On the heels of Jesus' words about his impending torture and death, he encounters a blind beggar. Here is the victorious healing, the supernatural sign. But see how the beggar cries out in his desperate condition, in spite of opposition from the crowd. The people see themselves as part of a victory procession, a royal parade toward coronation -- little do they know what Jesus' throne will actually be and what crown he will actually wear -- and the last thing they want to be bothered with is the spectacle of a blind man who wants attention. In subtle and obvious ways, we put our suffering out of sight so we don't have to deal with it. The aging go to nursing homes; the dead go to funeral homes; the sick stay home from work; we don't talk about depression in polite company; we all pop pills to take the edge off our pain, and when we get addicted to our painkillers we hide away in rehab centers.

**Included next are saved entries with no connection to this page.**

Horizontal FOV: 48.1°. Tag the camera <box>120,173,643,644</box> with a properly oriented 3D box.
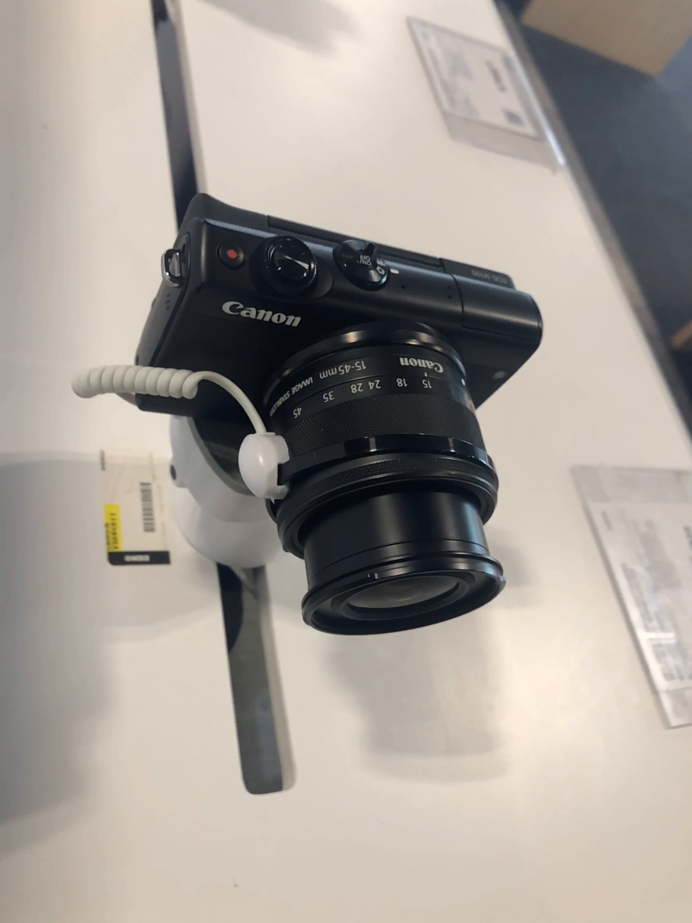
[{"bbox_3d":[0.001,-0.006,0.213,0.110,0.072,0.091,6,58,-26],"label":"camera"}]
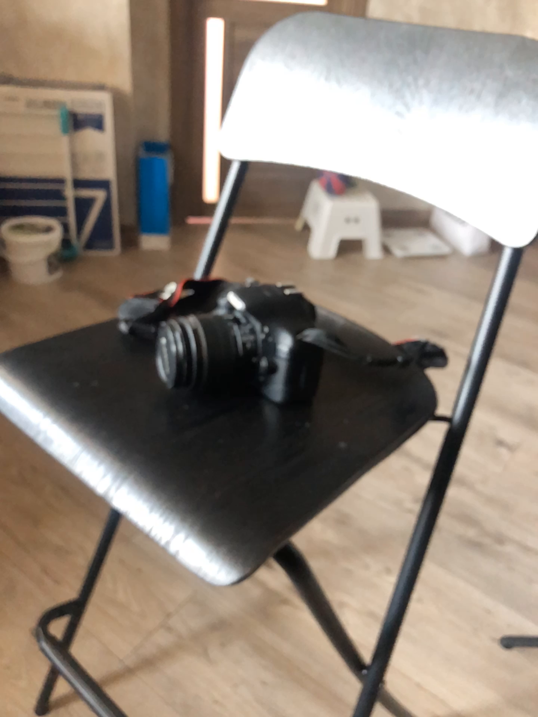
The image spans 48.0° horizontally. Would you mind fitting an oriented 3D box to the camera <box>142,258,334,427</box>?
[{"bbox_3d":[-0.034,-0.022,0.574,0.140,0.092,0.121,-11,35,-23],"label":"camera"}]
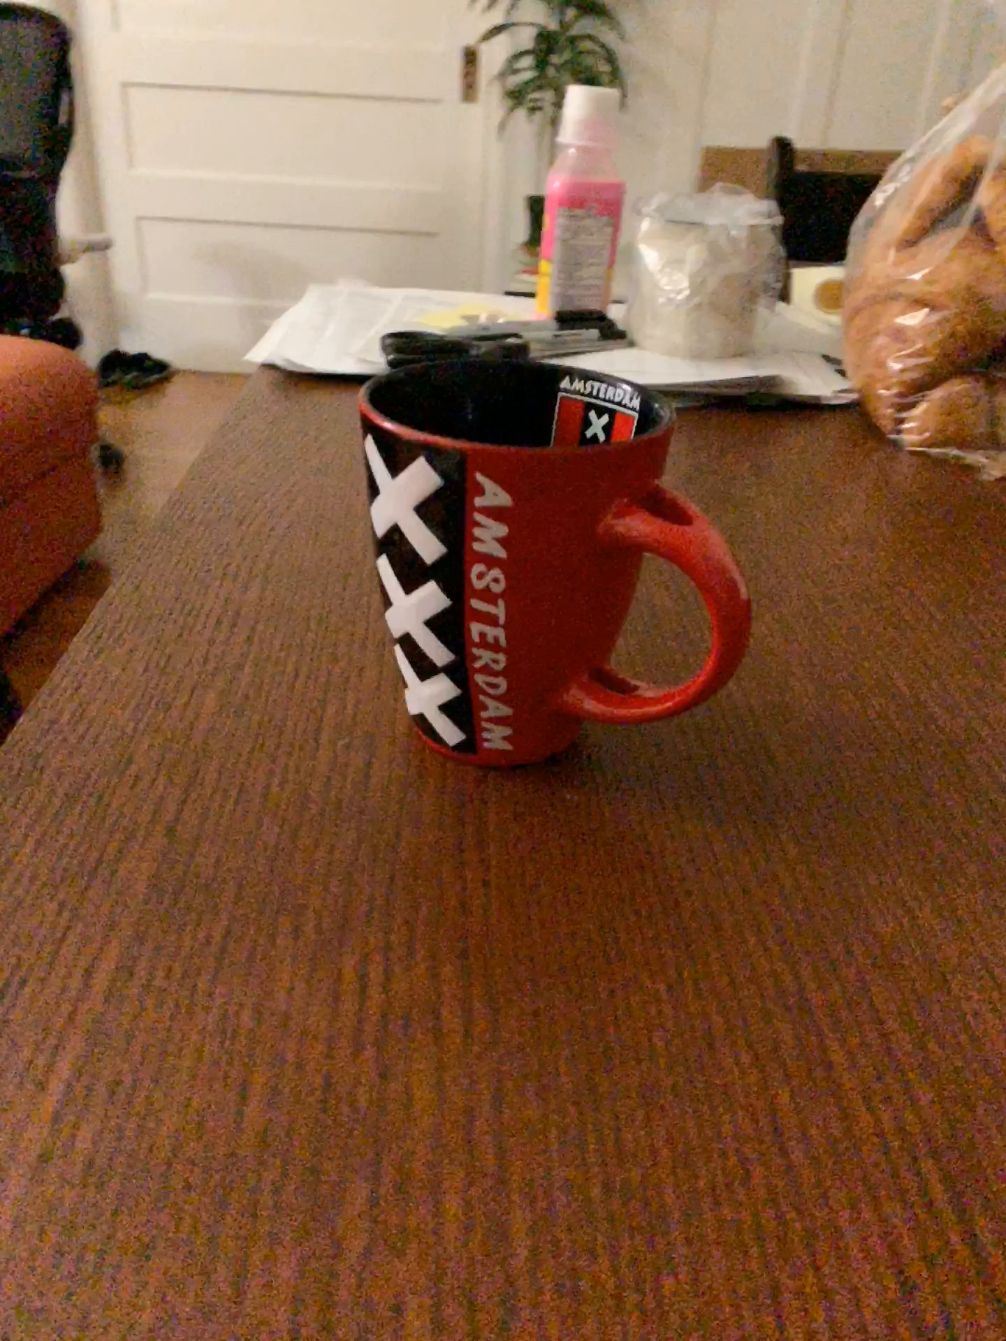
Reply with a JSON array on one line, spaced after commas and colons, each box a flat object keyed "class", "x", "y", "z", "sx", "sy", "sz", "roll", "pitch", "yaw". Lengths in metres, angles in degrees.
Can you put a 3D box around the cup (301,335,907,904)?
[{"class": "cup", "x": 0.021, "y": -0.026, "z": 0.294, "sx": 0.131, "sy": 0.099, "sz": 0.090, "roll": 28, "pitch": 38, "yaw": 36}]

But Jesus stops the parade and summons the blind man, in fact commands the people to deal with his blindness directly by guiding him to Jesus.

What to do with these verses? The place to start is sitting by the road, watching what looks to us like a victorious parade passing by. Have you experienced life this way? Everyone else seems to have their act together. They are successfully following a victorious Messiah en route to his coronation, and there you sit in your blindness, in your suffering, in your incapacity. Don't accept the illusion that this is a victory parade, from glory into glory. Realize the nature of the Love that is passing by -- that Jesus goes to the cross for this deluded multitude, and for the sake of the city that will approve of his crucifixion, as well as for you. Cry out to Jesus in the place of your suffering, and don't let the crowd's misconceptions silence you. "Jesus, Son of David, have mercy on me!" He will not fail to hear your cries. He may use your suffering to confront those who simply want to march up to Jerusalem for a party. He will enter into your suffering and stand with you in compassion. And he will bring healing, because he loves you. In that, in the healing, he will invite you to enter into suffering -- not just your own, but others' -- and stand with a broken world in love.